There seem to be Top 10 lists for everything these days so why not have one as well for Luminex/Bio-Plex® Data Analysis.  

1. Use Data Points with at least 35 Bead or Microsphere Counts

35 is the minimum bead count needed for statistically significant analyses.  MasterPlex QT Quantitative Analysis software for Luminex/Bio-Plex has a built-in feature for setting thresholds and marking outliers automatically for you based on many parameters including MFI, bead count, concentration, and standard deviation.

Automatic Outlier Detection in MasterPlex QT

Automatic Outlier Detection in MasterPlex QT

2. Use Weighting to Offset Heteroscedasticity

Heteroscedasticity is a situation that arises in almost all fields, including chemical- and immuno-assays, in which the variance of the dependent variable varies across the data.

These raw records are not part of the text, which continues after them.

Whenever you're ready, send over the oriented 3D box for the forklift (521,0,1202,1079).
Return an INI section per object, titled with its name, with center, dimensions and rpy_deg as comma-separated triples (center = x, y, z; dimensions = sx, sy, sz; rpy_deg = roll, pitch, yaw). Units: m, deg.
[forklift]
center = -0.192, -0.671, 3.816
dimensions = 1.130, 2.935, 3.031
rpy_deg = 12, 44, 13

When dealing with MFI and concentration values, the concentrations usually increase as the MFI increases. When dealing with the high end of the standard curve, it is natural for the concentration values to have a greater variance when compared to the small concentration values on the low end of the standard curve. Many of the regression analyses used in analyzing Luminex data, such as the popular 5PL, assume equal variance.

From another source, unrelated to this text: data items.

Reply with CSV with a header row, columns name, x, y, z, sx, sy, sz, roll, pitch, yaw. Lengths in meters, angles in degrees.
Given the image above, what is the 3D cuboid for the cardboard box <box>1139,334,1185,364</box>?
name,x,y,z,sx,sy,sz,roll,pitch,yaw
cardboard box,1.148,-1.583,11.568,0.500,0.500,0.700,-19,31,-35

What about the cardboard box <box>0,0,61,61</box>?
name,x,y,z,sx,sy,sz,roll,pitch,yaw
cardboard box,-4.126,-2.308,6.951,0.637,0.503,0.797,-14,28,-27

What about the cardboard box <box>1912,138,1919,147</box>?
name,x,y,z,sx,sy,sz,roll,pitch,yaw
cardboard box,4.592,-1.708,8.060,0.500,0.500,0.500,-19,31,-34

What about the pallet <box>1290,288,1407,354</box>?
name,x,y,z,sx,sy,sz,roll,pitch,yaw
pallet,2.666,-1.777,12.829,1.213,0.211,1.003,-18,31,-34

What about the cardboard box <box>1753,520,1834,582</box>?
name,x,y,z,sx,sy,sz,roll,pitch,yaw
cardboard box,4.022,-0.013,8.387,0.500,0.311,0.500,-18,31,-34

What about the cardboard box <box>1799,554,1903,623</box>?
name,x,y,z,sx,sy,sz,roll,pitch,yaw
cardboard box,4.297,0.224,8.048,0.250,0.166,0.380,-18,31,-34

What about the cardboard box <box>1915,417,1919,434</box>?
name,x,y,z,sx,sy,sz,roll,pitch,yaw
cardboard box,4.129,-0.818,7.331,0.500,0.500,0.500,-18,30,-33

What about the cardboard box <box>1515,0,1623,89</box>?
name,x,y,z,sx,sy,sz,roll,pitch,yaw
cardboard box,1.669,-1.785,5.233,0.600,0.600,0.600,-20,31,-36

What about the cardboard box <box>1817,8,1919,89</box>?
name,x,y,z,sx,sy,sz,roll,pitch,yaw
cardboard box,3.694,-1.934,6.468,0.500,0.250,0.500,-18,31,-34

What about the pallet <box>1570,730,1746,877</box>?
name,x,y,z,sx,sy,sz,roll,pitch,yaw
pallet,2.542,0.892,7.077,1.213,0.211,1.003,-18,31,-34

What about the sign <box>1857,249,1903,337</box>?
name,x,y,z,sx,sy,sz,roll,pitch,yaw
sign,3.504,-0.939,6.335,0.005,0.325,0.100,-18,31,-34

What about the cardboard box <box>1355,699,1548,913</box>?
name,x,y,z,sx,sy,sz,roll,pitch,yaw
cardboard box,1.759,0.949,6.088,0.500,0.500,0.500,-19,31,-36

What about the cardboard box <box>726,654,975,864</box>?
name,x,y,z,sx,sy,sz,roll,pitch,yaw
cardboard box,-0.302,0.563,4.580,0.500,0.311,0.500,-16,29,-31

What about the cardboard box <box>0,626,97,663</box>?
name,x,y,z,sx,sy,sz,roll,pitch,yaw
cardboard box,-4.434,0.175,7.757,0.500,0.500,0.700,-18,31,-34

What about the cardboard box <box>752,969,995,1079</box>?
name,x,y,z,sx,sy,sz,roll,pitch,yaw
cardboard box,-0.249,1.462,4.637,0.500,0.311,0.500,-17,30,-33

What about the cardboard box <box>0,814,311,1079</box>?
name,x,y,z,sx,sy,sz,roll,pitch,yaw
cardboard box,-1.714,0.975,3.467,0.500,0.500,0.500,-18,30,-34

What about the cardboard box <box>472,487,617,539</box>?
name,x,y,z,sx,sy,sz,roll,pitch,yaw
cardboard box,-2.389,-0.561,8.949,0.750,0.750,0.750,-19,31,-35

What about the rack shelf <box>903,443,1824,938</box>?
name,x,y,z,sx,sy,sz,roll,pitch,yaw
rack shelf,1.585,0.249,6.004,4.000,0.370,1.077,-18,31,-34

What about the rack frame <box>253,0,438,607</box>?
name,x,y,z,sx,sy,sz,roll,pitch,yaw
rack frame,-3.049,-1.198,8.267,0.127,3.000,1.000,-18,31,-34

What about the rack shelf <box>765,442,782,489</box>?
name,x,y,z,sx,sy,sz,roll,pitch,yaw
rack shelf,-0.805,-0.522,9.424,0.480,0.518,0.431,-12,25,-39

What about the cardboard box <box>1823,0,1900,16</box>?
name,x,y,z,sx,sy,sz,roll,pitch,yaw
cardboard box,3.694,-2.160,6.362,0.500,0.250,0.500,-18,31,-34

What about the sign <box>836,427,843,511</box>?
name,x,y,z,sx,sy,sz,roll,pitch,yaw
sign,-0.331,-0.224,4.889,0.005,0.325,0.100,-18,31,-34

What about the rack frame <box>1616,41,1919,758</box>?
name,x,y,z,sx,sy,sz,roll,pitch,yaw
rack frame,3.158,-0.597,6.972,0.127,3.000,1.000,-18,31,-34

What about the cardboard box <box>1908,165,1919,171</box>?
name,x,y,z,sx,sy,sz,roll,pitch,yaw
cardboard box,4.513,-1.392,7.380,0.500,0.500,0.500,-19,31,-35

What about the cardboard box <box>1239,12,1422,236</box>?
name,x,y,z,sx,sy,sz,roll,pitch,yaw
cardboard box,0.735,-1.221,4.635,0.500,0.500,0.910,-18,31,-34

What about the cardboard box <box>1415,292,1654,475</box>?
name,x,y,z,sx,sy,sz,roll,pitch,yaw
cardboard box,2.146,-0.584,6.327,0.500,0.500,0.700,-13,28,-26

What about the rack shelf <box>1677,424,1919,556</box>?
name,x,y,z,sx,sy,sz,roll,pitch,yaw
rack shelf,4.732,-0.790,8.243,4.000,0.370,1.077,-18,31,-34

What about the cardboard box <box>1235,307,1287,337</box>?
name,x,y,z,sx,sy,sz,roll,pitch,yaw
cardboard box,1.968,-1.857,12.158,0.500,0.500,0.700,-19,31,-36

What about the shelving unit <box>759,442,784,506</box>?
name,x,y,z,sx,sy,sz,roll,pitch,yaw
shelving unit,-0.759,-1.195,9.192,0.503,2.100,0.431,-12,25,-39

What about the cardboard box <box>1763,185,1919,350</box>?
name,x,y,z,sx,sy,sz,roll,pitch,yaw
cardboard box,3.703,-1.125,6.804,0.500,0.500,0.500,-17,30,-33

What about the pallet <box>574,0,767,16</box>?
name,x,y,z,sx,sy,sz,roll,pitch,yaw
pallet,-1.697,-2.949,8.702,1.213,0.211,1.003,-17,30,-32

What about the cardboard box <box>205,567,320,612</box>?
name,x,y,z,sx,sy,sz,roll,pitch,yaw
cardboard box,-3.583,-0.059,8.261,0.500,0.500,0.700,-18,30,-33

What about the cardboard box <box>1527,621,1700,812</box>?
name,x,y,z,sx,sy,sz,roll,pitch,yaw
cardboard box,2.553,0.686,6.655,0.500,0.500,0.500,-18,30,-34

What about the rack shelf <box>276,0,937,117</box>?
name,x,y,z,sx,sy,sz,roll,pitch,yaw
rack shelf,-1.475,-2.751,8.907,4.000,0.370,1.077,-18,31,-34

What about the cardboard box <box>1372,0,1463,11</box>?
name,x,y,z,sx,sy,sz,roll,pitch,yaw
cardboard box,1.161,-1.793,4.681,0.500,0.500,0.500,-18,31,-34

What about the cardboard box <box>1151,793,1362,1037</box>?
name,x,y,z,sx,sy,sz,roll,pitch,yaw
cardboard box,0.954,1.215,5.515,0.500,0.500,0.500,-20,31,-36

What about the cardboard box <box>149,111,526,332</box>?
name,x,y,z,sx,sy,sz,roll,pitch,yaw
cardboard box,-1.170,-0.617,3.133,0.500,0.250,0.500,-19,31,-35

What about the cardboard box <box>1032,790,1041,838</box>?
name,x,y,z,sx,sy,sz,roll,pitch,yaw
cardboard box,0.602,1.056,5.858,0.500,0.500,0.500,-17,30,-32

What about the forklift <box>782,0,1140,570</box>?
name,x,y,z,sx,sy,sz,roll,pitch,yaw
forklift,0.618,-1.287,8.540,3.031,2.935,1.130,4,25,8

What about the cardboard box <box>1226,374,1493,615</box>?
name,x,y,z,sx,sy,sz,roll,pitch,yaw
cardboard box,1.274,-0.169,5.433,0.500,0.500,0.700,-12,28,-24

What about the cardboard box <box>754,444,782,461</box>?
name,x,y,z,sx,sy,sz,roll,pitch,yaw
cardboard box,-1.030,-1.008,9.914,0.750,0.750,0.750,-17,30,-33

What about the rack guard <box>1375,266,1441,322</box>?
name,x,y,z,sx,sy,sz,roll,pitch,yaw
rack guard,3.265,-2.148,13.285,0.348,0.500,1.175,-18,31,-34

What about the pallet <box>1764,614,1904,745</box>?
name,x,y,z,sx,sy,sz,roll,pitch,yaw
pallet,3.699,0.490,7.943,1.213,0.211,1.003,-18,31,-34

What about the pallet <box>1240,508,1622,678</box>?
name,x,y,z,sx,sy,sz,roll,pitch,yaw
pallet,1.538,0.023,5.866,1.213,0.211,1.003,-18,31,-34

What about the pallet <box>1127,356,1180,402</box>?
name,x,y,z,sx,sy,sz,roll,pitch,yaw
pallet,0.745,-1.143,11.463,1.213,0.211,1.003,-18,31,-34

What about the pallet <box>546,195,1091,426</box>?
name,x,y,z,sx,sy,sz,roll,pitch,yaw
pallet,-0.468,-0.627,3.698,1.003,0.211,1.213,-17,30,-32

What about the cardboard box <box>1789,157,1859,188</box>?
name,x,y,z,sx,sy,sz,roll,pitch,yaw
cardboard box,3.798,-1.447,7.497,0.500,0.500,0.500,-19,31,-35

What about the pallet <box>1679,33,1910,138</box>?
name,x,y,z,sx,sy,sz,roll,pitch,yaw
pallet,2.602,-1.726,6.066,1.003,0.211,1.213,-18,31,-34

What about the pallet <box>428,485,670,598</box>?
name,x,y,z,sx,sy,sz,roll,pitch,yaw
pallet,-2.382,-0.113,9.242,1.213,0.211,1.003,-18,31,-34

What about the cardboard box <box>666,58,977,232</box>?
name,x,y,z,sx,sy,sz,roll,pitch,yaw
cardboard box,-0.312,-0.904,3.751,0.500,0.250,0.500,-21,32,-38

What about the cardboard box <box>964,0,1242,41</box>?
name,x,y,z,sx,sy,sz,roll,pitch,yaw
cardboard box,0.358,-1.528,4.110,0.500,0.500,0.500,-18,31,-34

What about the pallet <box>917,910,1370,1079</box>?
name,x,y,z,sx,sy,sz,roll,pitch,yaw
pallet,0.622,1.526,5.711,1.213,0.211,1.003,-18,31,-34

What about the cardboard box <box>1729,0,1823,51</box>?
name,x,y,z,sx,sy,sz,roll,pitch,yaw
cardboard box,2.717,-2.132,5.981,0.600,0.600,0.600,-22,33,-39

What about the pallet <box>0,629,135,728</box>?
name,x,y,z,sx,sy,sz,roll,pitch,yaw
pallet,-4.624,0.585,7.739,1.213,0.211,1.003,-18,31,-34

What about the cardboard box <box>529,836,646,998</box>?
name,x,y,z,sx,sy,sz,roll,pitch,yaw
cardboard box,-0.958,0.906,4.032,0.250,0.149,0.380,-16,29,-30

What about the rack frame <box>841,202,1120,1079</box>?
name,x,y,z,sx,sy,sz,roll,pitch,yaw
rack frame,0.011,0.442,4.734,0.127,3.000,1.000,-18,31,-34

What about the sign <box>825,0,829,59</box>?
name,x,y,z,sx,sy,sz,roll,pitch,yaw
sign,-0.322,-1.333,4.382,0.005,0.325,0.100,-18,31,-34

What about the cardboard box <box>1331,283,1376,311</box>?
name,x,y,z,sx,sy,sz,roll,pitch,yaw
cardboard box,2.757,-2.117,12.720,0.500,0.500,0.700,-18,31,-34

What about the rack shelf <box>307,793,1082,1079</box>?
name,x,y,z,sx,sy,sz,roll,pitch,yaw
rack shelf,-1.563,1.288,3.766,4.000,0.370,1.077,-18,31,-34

Heteroscedasticity - Nonconstant Variance in Immunoassay Data

Heteroscedasticity - Nonconstant Variance in Immunoassay Data

For analyzing Luminex/Bio-Plex data, the 1/Y^2 (preferred) and 1/Y weighting algorithms are recommended in addition to using the 5-PL model equation.

  • 1/Y^2 – Minimizes residuals (errors) based on relative MFI values
  • 1/Y – This algorithm is useful if you know the errors follow a Poisson distribution

MasterPlex QT offers these weighting algorithms in addition to a couple of other options.

Weighting Algoritms available in MasterPlex QT

Weighting Algoritms available in MasterPlex QT

3. Use the 5 Parameter Logistic (5PL) Nonlinear Regression Model

The 5 Parameter Logistic or 5PL nonlinear regression model is an asymmetric function that is ideal for analyzing Luminex immunoassay data. Learn more about the 5PL model equation.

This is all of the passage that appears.